If Archbishop McQuaid had defrocked this priest -- and held a canon law trial against her abuser -- hundreds of other children may have avoided molestation by priest paedophiles.

These "disastrous" decisions by Archbishop McQuaid set a pattern for his three successors -- Archbishops Dermot Ryan, Kevin McNamara and Desmond Connell (up until 1995) to follow his bad example of cover-ups and non-referrals to the gardai. Cardinal Connell is credited with the re-introduction of canon law trials which Archbishop McQuaid baulked at and which Archbishops Ryan and McNamara let lapse.

Shocking, too, how assistant bishops like the late James Kavanagh, the retired Dermot O'Mahony and the promoted Donal Murray are found to have dealt particularly badly with complaints on their watch.

Nor does Rome come well out of this tragic saga at all, with the papal nuncio refusing to respond to correspondence from the commission.

The present-day church leadership of Cardinal Sean Brady and Archbishop Diarmuid Martin of Dublin have talked of their shame.

Inquiries

But the Government appears to be baulking at having similar Dublin and Ferns inquiries extended to other dioceses, as demanded by the One in Four support group and Survivors of Clerical Abuse.
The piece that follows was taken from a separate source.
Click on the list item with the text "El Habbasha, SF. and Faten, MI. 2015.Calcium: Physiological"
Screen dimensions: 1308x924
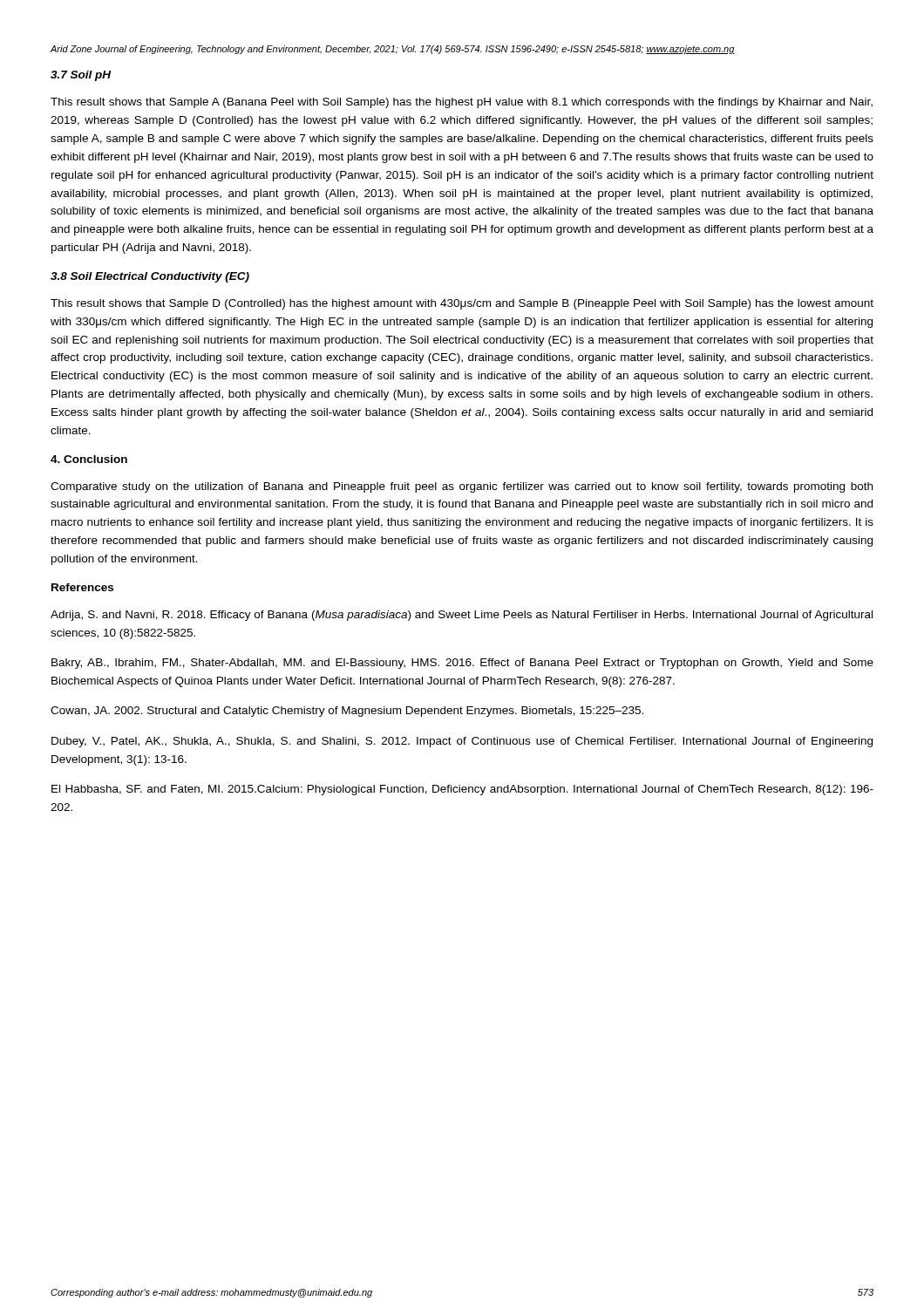coord(462,799)

Most intriguing of all, the commission discovered new information which came its way after its report was written last July and it wants to issue a second report.

Clerical child sex abuse issue is not yet off the political agenda, though the Church more than the State has been getting its act together on implementing effective child protection procedures.

But the priest rapists have not gone away, as shown by the lodging with Archbishop Martin of 131 new complaints since the commission's cut-off point of mid-2004.